El lunes, que había amanecido insípido y lleno de dudas, amenazaba con terminar dolorosamente hardcore, con tendencia a la baja y repleto de certezas afiladas. Beto, armado de minuciosidad, paciencia, sangre fría y software gratis había confirmado con abrumadora evidencia, el romance de su mejor amigo y su mejor amante a las 20:30. Los había confrontado a cada uno por separado -a ella a las 21:40, a él pasadas las 11 de la noche- y después de preguntas, repreguntas, y evidencia en formato digital, había arrancado las confesiones de ambos. El sabor amargo del paladar, el intenso tufo de los treinta y siete marlboros en línea y la sangre medio curtida de adrenalida y rabia (sírvase frío) hacían el cierre de su campaña de dos días de investigaciones que se consagraban en un viaje personal al infierno en solitario y sin oxígeno.

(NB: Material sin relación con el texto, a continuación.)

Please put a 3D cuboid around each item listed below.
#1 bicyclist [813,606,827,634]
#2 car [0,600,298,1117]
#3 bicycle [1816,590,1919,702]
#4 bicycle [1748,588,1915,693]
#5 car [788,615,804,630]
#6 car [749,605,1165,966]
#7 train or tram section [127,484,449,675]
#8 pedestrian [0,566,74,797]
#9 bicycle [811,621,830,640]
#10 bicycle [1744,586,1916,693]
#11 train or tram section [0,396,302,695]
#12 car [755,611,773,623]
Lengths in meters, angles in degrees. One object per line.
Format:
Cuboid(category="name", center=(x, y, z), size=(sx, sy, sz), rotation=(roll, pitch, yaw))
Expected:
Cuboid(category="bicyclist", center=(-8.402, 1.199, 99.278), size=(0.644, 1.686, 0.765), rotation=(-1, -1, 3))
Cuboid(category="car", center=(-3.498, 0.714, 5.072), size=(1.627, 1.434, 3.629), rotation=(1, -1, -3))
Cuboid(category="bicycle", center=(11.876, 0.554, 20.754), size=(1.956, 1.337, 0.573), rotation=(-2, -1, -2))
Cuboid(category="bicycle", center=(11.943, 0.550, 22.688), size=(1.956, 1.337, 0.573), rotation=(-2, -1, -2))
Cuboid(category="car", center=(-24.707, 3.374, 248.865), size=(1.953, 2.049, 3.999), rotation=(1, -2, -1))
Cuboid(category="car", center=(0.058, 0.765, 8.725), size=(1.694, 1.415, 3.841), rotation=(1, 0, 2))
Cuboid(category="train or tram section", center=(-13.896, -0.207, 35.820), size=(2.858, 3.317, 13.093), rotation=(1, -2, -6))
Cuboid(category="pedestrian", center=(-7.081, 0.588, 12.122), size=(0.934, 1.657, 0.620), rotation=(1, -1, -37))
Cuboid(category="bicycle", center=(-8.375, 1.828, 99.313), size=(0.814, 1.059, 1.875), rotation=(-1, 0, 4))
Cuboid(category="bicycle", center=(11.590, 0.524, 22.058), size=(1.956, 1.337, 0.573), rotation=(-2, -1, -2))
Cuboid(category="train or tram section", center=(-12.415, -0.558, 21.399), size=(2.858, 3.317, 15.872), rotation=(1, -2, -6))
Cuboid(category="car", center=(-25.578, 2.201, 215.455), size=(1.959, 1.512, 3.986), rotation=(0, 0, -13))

Sacó el viejo Toyota del garage, juntando su tos a los estertores tuberculosos del auto. Recorrió en vano, y midiendo cada paso, los bares en que algún amigo podría estar esperándolo sin saber, cerveza de por medio. Pero nadie sale los lunes, ni siquiera los martes o los miércoles, cuando estás la tristeza te ha dejado herido de muerte. Fue al cajero, retiró los últimos doscientos dólares de la quincena y puso proa al norte, rumbo a Pigalle Nights, con el ánimo de quien espera colonizar El Dorado. Entró directamente al baño, se humedeció el pelo y lo echó hacia atrás. Metió la camisa dentro del pantalón y acomodó su paquete para hacerlo lucir más voluminoso, gesto inútil en la barra de un bar de reputación como el Pigalle, donde resultaba más estimulante el tamaño de la cartera. Encendió otro cigarrillo y la bocanada profunda repletó los alveolos de nicotina, neón y algunas lentejuelas rojas del escote de la rubia que dijo llamarse Claudia. Se apoyó en la barra y canjeó el ticket por dos Absolut con jugo de naranja que sabían a pólvora amarga con matarratas. Ella dijo que era de Pereira y el le dijo que era escritor. Mintieron por media hora más, entre caricias y palabras que sonaban a coro de querubines punk. Ella simulando credulidad y amor, el ofreciéndole el papel estelar en la siguiente novela y una vida de devoción, si la musa aceptaba escapar a México a la mañana siguiente con él. La habitación a la que subieron era más bien lujosa y decorada con cierto gusto a revista del corazón. Entre ropas que caían y un deslave de manos y labios desbocados, Beto preguntó:
-¿Cuál es tu nombre verdadero Claudia?
- Sister Morfina, mi amor, pero no le digas a nadie
Amó a Claudia en cuerpo y alma durante la primera hora, luego le hizo el amor la segunda y se la folló a secas la tercera, mientras el cuenta kilómetros se aproximaba a los ciento sesenta dólares. Meditó, con el último cigarrillo, que quizá esa seguidilla era el orden evolutivo del amor en el mundo de los vivos, y que si dividía en cuatro los años de matrimonio con Stephanie, la secuencia era matemáticamente la misma, aunque la consecuencia fuera desigual.
Pensó, sonriendo de lado, que acababa de vivir los doscientos mejores dólares de su vida, sin contar las pildoritas de speed - cortesía de la casa- que Sister le había puesto bajo la lengua y que le habían revelado como en una epifanía, que la felicidad era solo cuestión del químico adecuado, en el momento preciso, bajo condiciones estándar de temperatura y humedad, oh Claudia.
Al salir, se alborotó el cabello, cerró el zipper de la chaqueta hasta el cuello, hizo toser al Toyota, y se dijo:
- buen título para un cuento: Una noche con Sister Morfina.